*Working data:*
——————————
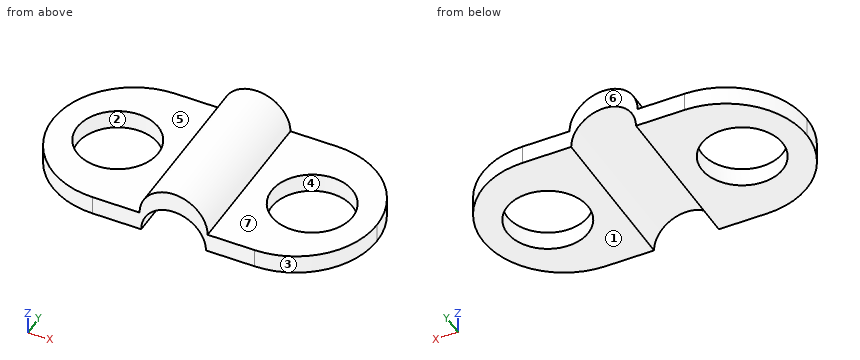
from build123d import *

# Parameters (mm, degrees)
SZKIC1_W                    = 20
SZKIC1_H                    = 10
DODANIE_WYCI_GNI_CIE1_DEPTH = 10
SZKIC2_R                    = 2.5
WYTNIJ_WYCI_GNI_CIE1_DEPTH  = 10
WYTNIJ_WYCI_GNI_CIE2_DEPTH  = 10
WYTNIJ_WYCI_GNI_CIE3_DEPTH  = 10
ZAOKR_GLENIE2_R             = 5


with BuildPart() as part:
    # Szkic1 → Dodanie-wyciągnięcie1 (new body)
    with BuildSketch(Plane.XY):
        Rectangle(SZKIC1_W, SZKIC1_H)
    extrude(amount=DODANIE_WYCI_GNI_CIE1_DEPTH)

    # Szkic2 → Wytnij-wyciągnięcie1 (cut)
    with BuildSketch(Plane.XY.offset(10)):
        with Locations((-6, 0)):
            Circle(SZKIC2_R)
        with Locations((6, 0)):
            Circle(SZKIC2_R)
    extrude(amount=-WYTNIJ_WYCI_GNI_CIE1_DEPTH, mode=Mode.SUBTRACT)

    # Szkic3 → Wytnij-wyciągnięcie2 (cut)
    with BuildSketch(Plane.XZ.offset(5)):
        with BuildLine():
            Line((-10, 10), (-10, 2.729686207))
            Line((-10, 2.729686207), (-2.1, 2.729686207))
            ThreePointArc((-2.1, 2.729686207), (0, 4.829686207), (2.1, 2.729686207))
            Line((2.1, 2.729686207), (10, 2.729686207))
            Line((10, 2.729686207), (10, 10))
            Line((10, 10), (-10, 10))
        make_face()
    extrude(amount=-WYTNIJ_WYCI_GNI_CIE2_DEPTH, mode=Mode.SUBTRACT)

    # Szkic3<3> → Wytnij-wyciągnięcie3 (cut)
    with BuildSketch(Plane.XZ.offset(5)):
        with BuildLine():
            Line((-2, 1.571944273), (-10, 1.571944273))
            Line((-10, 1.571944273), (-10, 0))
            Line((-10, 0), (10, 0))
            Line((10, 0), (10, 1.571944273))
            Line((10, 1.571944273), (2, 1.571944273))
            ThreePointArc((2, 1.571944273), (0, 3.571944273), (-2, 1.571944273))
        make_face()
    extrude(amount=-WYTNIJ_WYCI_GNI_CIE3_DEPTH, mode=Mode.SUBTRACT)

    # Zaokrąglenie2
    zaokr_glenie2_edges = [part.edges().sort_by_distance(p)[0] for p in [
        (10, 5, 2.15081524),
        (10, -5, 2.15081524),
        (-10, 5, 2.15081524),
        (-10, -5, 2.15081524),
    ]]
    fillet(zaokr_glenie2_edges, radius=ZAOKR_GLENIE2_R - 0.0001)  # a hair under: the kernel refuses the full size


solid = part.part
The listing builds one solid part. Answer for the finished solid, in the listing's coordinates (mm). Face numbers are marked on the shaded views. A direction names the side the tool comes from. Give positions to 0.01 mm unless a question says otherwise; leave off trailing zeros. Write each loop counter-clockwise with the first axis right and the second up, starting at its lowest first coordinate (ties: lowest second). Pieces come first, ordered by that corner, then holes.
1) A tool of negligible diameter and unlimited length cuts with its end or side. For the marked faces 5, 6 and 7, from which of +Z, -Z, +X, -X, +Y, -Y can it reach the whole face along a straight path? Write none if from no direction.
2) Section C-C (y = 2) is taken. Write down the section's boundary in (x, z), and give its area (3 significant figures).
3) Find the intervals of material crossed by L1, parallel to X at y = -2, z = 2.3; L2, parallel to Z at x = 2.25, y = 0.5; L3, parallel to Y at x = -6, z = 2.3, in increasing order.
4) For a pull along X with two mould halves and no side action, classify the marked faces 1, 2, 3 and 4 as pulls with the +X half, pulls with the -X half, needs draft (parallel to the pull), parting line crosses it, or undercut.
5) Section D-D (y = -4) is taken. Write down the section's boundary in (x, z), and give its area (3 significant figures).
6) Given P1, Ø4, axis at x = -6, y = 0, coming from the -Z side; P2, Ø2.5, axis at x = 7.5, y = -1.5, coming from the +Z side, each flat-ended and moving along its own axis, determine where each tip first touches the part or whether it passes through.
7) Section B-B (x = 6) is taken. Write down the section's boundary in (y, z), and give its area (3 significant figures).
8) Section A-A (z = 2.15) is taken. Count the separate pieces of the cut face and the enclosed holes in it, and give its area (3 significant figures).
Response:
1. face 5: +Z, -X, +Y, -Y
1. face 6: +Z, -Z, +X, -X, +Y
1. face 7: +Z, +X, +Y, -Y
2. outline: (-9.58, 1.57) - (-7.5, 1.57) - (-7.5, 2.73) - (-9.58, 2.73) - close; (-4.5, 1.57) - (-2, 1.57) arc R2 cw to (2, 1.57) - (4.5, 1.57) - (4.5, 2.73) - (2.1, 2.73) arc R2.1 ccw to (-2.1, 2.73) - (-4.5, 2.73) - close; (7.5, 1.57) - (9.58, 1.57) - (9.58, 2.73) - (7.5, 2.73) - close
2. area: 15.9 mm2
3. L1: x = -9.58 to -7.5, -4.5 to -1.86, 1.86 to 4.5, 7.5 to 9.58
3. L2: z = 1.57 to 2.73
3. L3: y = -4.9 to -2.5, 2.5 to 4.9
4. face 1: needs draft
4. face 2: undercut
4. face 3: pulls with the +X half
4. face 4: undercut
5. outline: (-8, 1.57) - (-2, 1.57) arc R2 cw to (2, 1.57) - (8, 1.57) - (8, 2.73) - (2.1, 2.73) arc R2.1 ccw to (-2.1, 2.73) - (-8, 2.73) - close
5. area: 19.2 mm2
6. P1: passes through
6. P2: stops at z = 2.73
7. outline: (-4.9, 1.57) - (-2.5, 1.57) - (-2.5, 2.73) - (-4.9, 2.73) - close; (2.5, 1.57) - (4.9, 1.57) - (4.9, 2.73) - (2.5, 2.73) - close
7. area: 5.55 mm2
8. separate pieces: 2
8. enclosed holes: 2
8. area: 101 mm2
——————————
*What you are asked to do:* The expected result is every line above containing the string "separate".

*Solution to this problem:*
8) Section A-A (z = 2.15) is taken. Count the separate pieces of the cut face and the enclosed holes in it, and give its area (3 significant figures).
8. separate pieces: 2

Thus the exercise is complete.